I guess the better questions is how do I load fuctions in to the user namespace?
@U3F5EM2TD Can you explain your use case?
bb has an :tasks {:init ...}
section where you can put startup code when you invoke a task
It also has a BABASHKA_PRELOADS
environment variable that can contain code that is always executed before anything else
I just wanted to preload some helpful functions in the user namespace for this one project.
Let me try the tasks thing that could be it. I'm assuming BABASHKA_PRELOADS runs on every evocation of bb? And I only need this helper code for this project and only during development.
babashka 0.4.2-0.4.3:
- Better error handling in parallel tasks
- Add more agent functions and fix binding conveyance in send-via
- Better transit support for pods (fixes issue with mysql pod and java.time.LocalDateTime
results)
- Misc. other improvements
Not many developers realize it, but your little "clojure interpreter" has a support of concurrency such that virtually all popular scripting languages can't compete with at all π
FWIW I tried the static 0.4.1
release and it works like a charm π
This would be really useful to have, something that I miss from Python in my Babashka scripts
BTW, could this also be turned in a JVM library (like babashka.fs
is)?
Asking because one of the nice things of Babashka is that my codebase is 100% compatible with Clojure proper too
(But if isn't, no problem too, I can probably workaround just this case. The important part is just that I can call the function to set the env, not that it actually works in Clojure)
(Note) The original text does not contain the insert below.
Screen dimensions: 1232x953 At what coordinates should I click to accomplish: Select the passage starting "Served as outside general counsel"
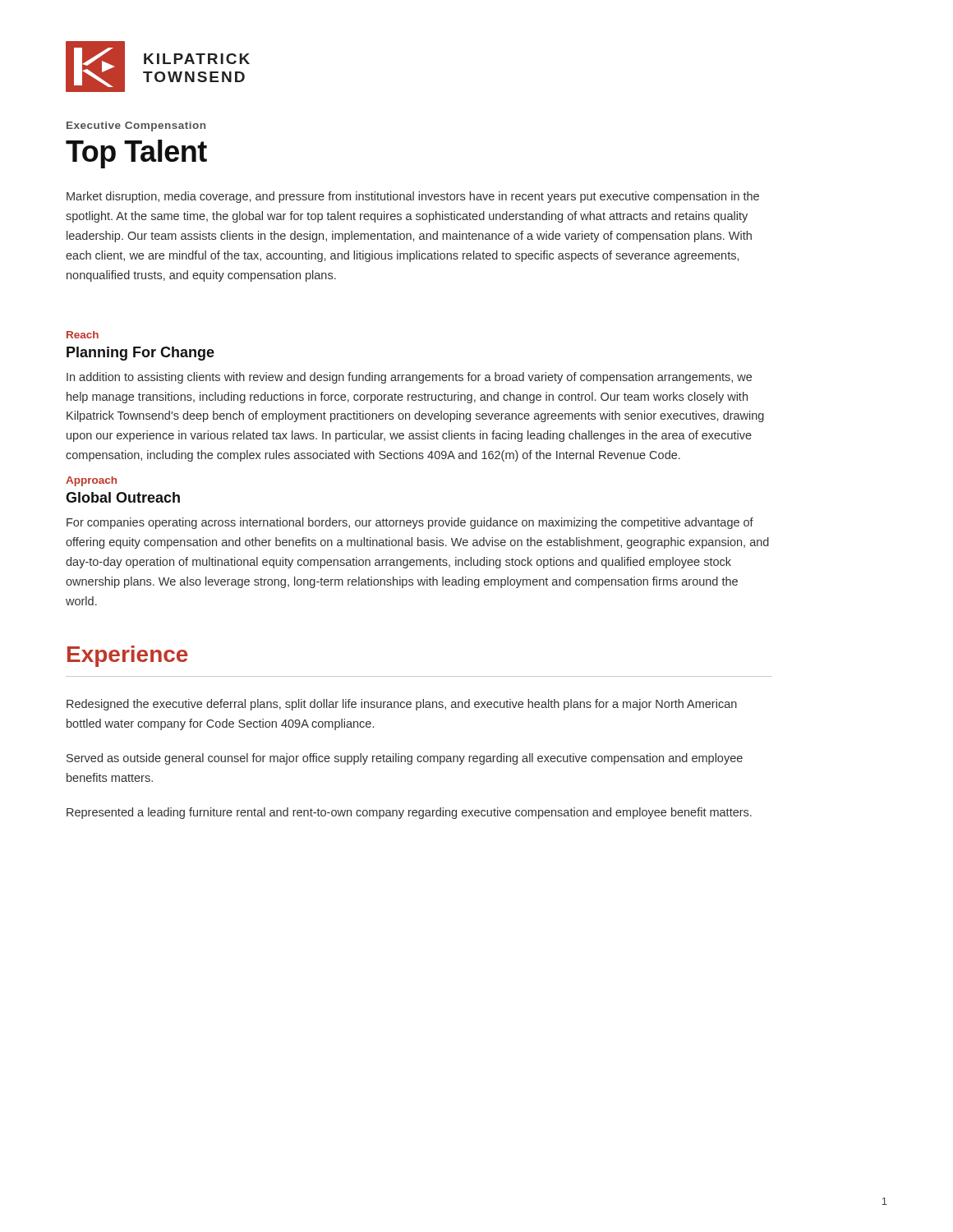click(404, 768)
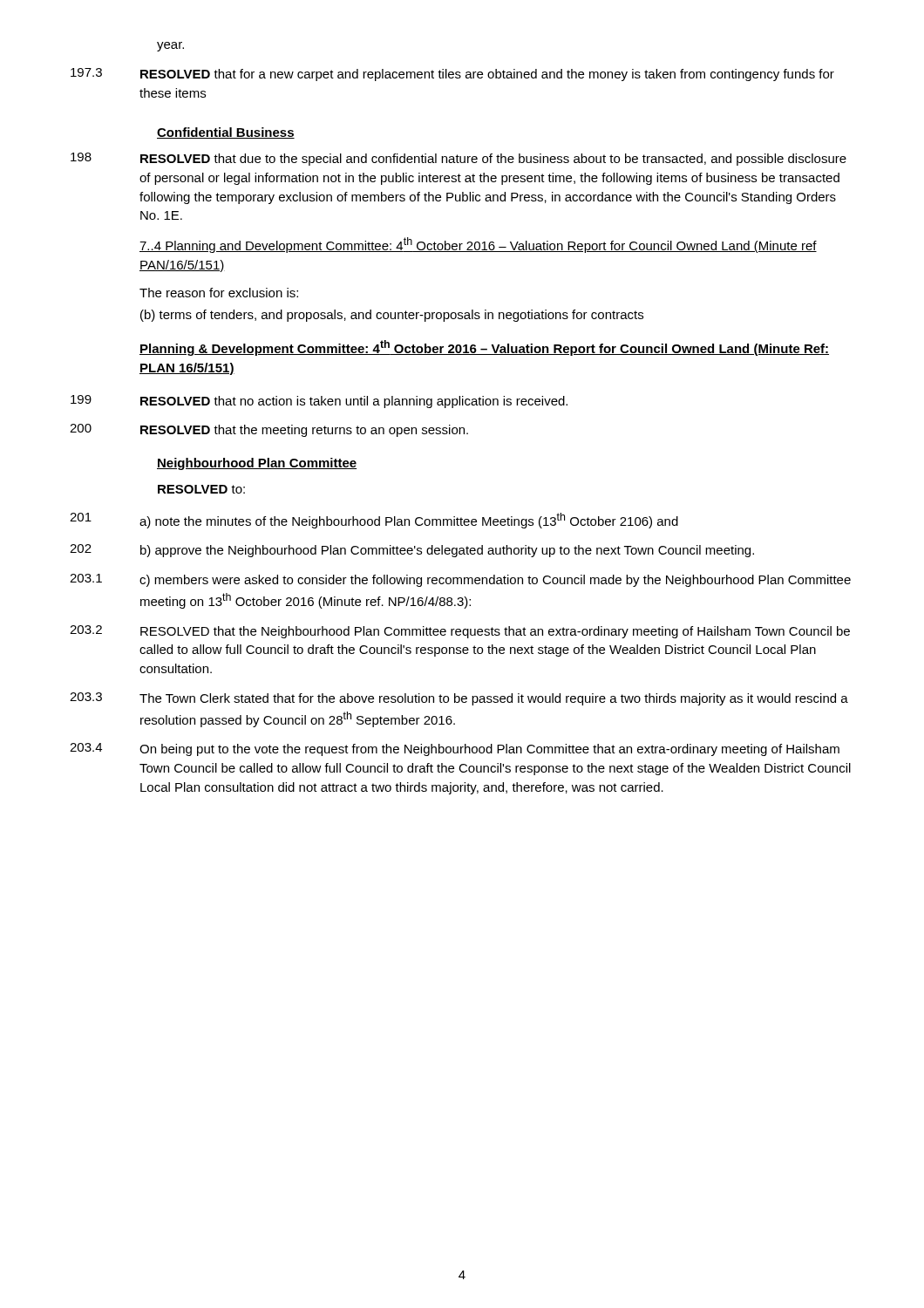Point to the block beginning "203.4 On being put"
924x1308 pixels.
click(x=462, y=768)

Yes, I want to release this is a library which can be used within babashka, but the hardest part is the name. Perhaps babashka.core? ;)
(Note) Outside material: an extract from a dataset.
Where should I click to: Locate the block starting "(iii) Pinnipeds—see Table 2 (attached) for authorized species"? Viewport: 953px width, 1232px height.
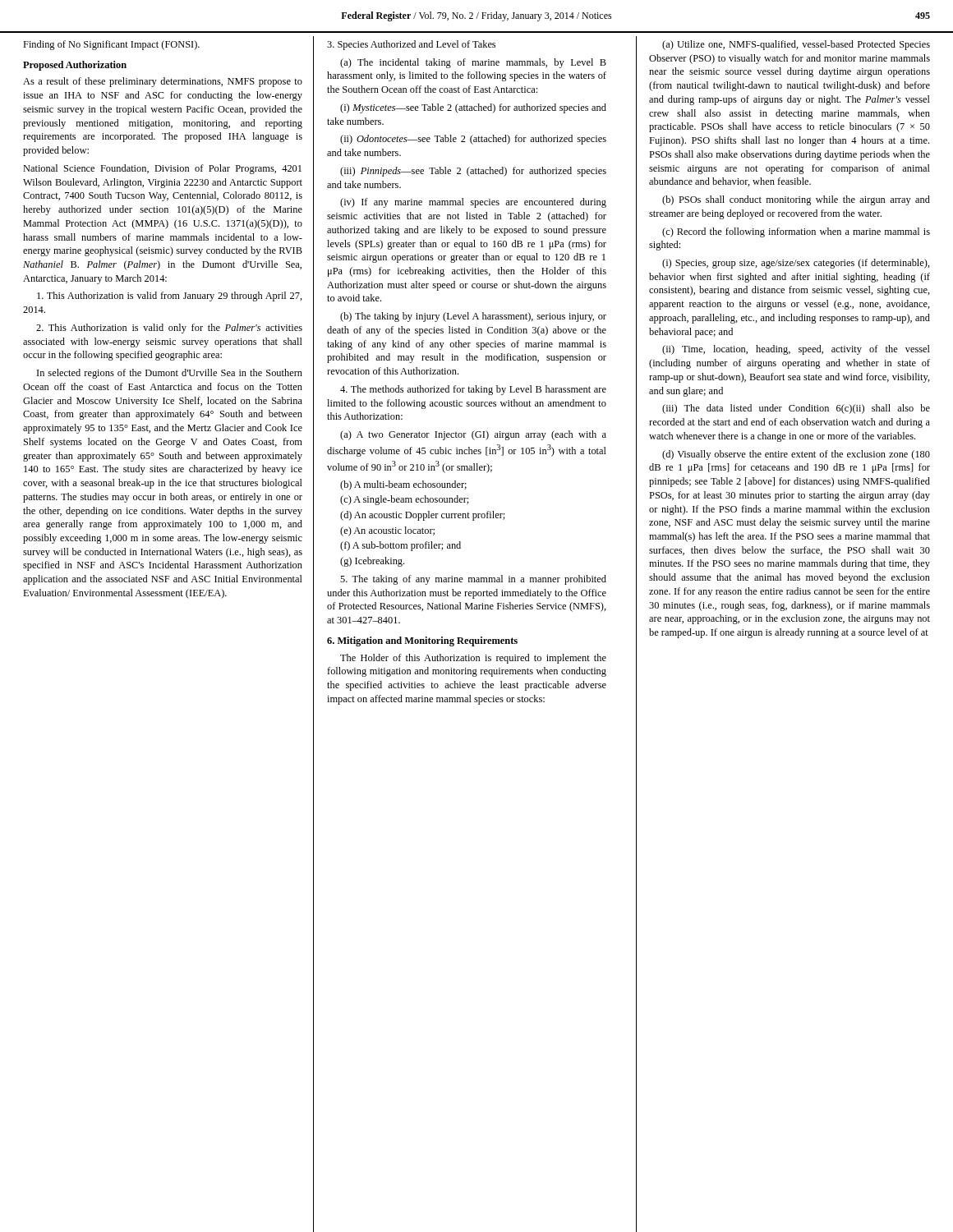point(467,178)

I have another function that could be in it: "exec"-ing the current process into another one
Basically these three things: https://github.com/babashka/babashka/labels/native
Babashka.x
π
Exec + a var
There are probably better names indeed
Than X I mean
So it would be a library specific to native image or even a smaller subset?
yes, set-env
and exec
sould only work in a native image. but those functions could be useful to all graalvm native projects
My 2 cents; I donβt recognize the name svm
, but maybe other graal people do. aux
could be anything I guess. So graal
and native
sound most descriptive to me.
I would suggest to follow the Python naming suggestions here, so babashka.os
seems ok to me
but it would be confusing maybe to have get-env
in babashka.process
since process
is about spawning new processes and os
is about the current process perhaps?
IMO, os
for me is for calling OS specific calls, so Python's os
exposes things like os.chdir
and os.getenv
(but there are implementations for them on Windows too, even when they're no-ops)
Right now I'm testing set-env
in babashka itself. There it doesn't work, weirdly enough.
BTW, any reason this library needs to be GraalVM specific? For example, couldn't we use JNI to implement a Java version compatible :thinking_face: ?
(Not saying that you need to implement it, just asking if it wouldn't make sense to make it more "generic")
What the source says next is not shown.